Wir wollen die Natur schmeckbar machen und verwenden nur handgepflückte Früchte für unsere Bio-Säfte. Lieber 1000 Handgriffe mehr als eine Geschmacksnuance weniger. Birgit, leidenschaftliche Köchin: „Ich weiß bereits, was ich schmecken will, wenn ich im Sonnenaufgang ernte und rieche. Mit weniger gebe ich mich dann nicht zufrieden.“
Wir sind ein Ort zum Kennenlernen, Kosten und Immer-Wieder-Kommen. Georg, Obstbaumwärter und Biobauer aus Überzeugung: „Unsere Baumschnittkurse und Tage der offenen Hoftür sind nicht nur lehrreich, sie bringen Menschen zusammen, sorgen für Austausch und gemeinsame Genusserlebnisse.“
Wir arbeiten mit der Natur zusammen. Für uns heißt das, nicht nur nehmen, sondern auch belassen, damit der Kreislauf funktioniert und Regeneration stattfindet. Die Böden und Bäume der Streuobstwiese sind Zuflucht für unzählige Tierarten. Falter, Wildbienen, Heuschrecken, Vögel, Fledermäuse finden bei uns ein Zuhause.
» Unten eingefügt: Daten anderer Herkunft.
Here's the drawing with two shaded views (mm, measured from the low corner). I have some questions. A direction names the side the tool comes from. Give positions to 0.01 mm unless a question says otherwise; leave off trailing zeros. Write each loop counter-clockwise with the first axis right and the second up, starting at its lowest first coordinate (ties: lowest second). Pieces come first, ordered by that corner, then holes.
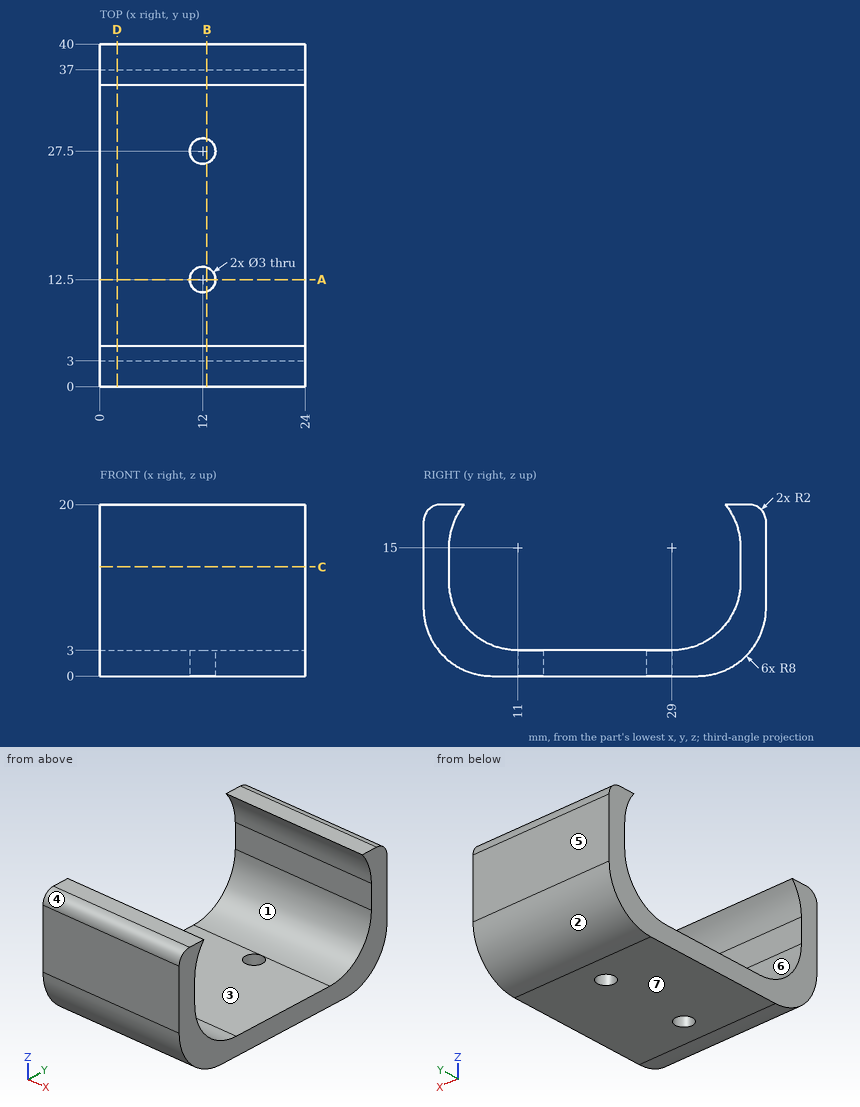
(1) If I drill on L1, parallel to Y at x = 3, z = 10.75; L2, parallel to Y at x = 12, z = 2; L3, parallel to Y at x = 12, z = 1.3, over which ranges is the centre line in solid material (lowest first)?
Returned:
L1: y = 0 to 3, 37 to 40
L2: y = 2.71 to 11, 14 to 26, 29 to 37.29
L3: y = 3.63 to 11, 14 to 26, 29 to 36.37
(2) Imagine slicing it at D-D, the plane x = 2. Write out the boundary of the cut face in (y, z) (3 decimals), plus the area to 3 significant figures.
Returned:
outline: (0, 8) arc R8 ccw to (8, 0) - (32, 0) arc R8 ccw to (40, 8) - (40, 18) arc R2 ccw to (38, 20) - (35.245, 20) arc R8 cw to (37, 15) - (37, 11) arc R8 cw to (29, 3) - (11, 3) arc R8 cw to (3, 11) - (3, 15) arc R8 cw to (4.755, 20) - (2, 20) arc R2 ccw to (0, 18) - close
area: 226 mm2
(3) Will these pins go through, and if not, where does the flat tip stop? P1, Ø1.5, axis at x = 10.5, y = 17, coming from the +Z side; P2, Ø6, axis at x = 17, y = 4.5, coming from the -Z side; P3, Ø1, axis at x = 17.5, y = 10.5, coming from the +Z side; P4, Ø2.5, axis at x = 12, y = 12.5, coming from the +Z side.
Returned:
P1: stops at z = 3
P2: stops at z = 0.02
P3: stops at z = 3.06
P4: passes through
(4) If we mould it in two halves opening along Z, with no side actions, what happens to the marked faces 4, 5, 6 and 7? For each: +Z half, -Z half, draft (parallel to the pull), parting line (faces both ways), or undercut.
Returned:
face 4: +Z half
face 5: draft
face 6: undercut
face 7: -Z half
(5) Imagine slicing it at C-C, the plane z = 12.75. Write out the boundary of the cut face in (x, y), plus the area to 3 significant figures.
Returned:
outline: (0, 0) - (24, 0) - (24, 3) - (0, 3) - close; (0, 37) - (24, 37) - (24, 40) - (0, 40) - close
area: 144 mm2
(6) For the marked faces 1, 2 and 3, which set-ups out of +Z, -Z, +X, -X, +Y, -Y let a thin tool reach every point of the face, with its end or its side?
Returned:
face 1: +X, -X
face 2: -Z, +X, -X, +Y
face 3: +Z, +X, -X
(7) Imagine slicing it at A-A, the plane y = 12.5. Write out the boundary of the cut face in (x, z).
Returned:
outline: (0, 0) - (10.5, 0) - (10.5, 3) - (0, 3) - close; (13.5, 0) - (24, 0) - (24, 3) - (13.5, 3) - close
(8) Imagine slicing it at B-B, the plane x = 12.5. Write out the boundary of the cut face in (y, z) (3 decimals), plus the area to 3 significant figures.
Returned:
outline: (0, 8) arc R8 ccw to (8, 0) - (11.086, 0) - (11.086, 3) - (11, 3) arc R8 cw to (3, 11) - (3, 15) arc R8 cw to (4.755, 20) - (2, 20) arc R2 ccw to (0, 18) - close; (13.914, 0) - (26.086, 0) - (26.086, 3) - (13.914, 3) - close; (28.914, 0) - (32, 0) arc R8 ccw to (40, 8) - (40, 18) arc R2 ccw to (38, 20) - (35.245, 20) arc R8 cw to (37, 15) - (37, 11) arc R8 cw to (29, 3) - (28.914, 3) - close
area: 209 mm2
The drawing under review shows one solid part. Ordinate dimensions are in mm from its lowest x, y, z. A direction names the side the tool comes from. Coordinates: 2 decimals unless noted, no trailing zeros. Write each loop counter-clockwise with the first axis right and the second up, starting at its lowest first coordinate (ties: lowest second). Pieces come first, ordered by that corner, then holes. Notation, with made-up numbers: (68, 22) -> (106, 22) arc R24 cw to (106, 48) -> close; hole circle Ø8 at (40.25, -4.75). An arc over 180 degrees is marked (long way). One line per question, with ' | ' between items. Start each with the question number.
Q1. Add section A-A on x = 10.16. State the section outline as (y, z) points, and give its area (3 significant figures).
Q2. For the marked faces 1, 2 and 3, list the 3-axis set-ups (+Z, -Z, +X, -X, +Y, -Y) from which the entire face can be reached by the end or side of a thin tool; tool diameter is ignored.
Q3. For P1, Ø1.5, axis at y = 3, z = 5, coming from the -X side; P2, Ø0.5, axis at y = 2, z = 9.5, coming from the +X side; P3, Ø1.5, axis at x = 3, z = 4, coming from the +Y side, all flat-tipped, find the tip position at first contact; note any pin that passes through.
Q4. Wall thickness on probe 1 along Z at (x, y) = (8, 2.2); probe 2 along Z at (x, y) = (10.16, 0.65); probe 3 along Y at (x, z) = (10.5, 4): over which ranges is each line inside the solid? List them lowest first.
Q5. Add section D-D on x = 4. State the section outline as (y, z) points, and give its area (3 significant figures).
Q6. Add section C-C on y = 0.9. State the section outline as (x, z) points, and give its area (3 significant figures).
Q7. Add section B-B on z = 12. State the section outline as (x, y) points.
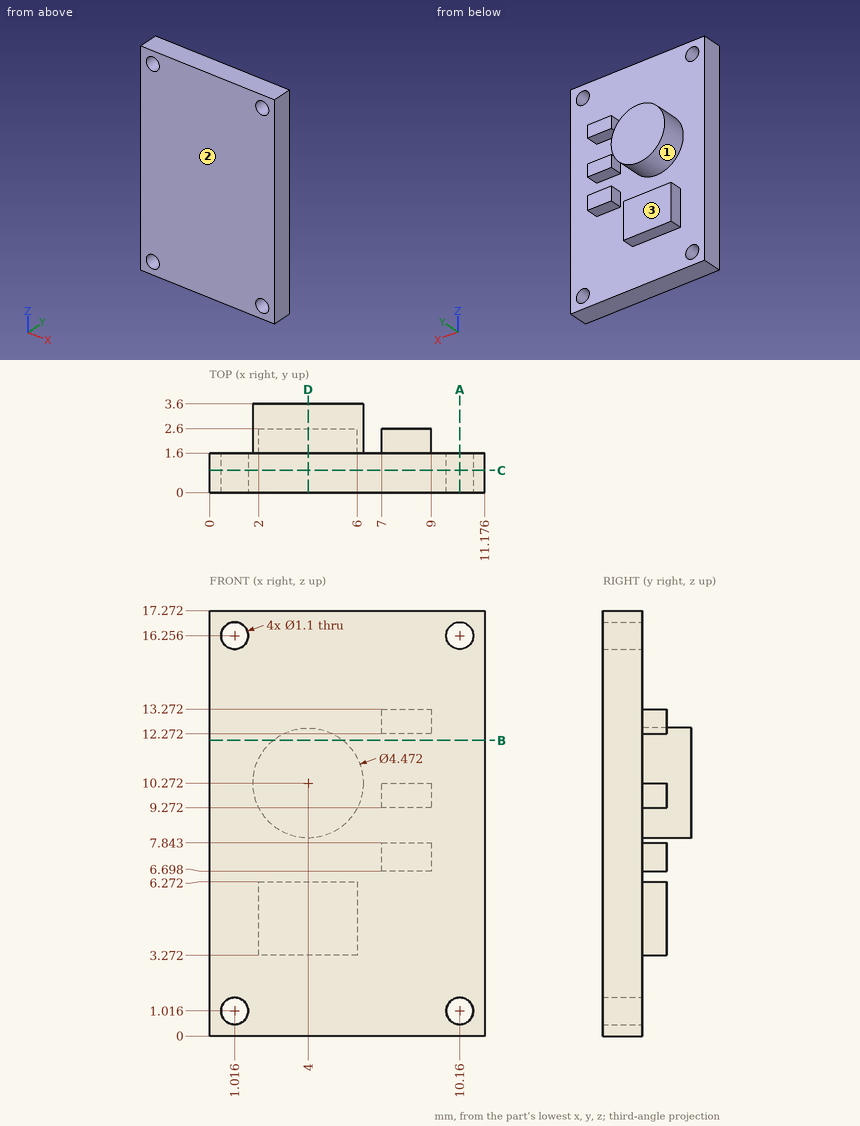
Output values:
1) outline: (0, 0) -> (1.6, 0) -> (1.6, 0.47) -> (0, 0.47) -> close; (0, 1.57) -> (1.6, 1.57) -> (1.6, 15.71) -> (0, 15.71) -> close; (0, 16.81) -> (1.6, 16.81) -> (1.6, 17.27) -> (0, 17.27) -> close | area: 24.1 mm2
2) face 1: +Y | face 2: +Z, -Z, +X, -X, -Y | face 3: -Z, +X, -X, +Y
3) P1: stops at x = 2 | P2: stops at x = 9 | P3: stops at y = 2.6
4) probe 1: z = 6.7 to 7.84, 9.27 to 10.27, 12.27 to 13.27 | probe 2: z = 0 to 0.47, 1.57 to 15.71, 16.81 to 17.27 | probe 3: y = 0 to 1.6
5) outline: (0, 0) -> (1.6, 0) -> (1.6, 3.27) -> (2.6, 3.27) -> (2.6, 6.27) -> (1.6, 6.27) -> (1.6, 8.04) -> (3.6, 8.04) -> (3.6, 12.51) -> (1.6, 12.51) -> (1.6, 17.27) -> (0, 17.27) -> close | area: 39.6 mm2
6) outline: (0, 0) -> (11.18, 0) -> (11.18, 17.27) -> (0, 17.27) -> close; hole circle Ø1.1 at (1.02, 1.02); hole circle Ø1.1 at (1.02, 16.26); hole circle Ø1.1 at (10.16, 1.02); hole circle Ø1.1 at (10.16, 16.26) | area: 189 mm2
7) outline: (0, 0) -> (11.18, 0) -> (11.18, 1.6) -> (5.42, 1.6) -> (5.42, 3.6) -> (2.58, 3.6) -> (2.58, 1.6) -> (0, 1.6) -> close

Unsere Idee von Wachstum: Möge wachsen, was Mensch und Natur langfristig nährt.
Groß, klein, rot, gelb, rund, oval … auf der Streuobstwiese ist jeder Apfel individuell. Jeder Baum hat seinen Charakter. Wie die Menschen. Eines haben die Streuobstäpfel gemeinsam: den hohen Polyphenolgehalt. Das macht sie besonders gut verträglich und jedes Glas unserer naturtrüben Bio-Säfte zum echten Kraftpaket.
2023 übernahmen wir den Hof, 2024 produzierten wir bereits zwölf verschiedene Bio-Säfte, von denen wir acht bei der „Landesprämierung Burgenland“ einreichten. Alle acht wurden ausgezeichnet, vier davon sogar mit Medaillen.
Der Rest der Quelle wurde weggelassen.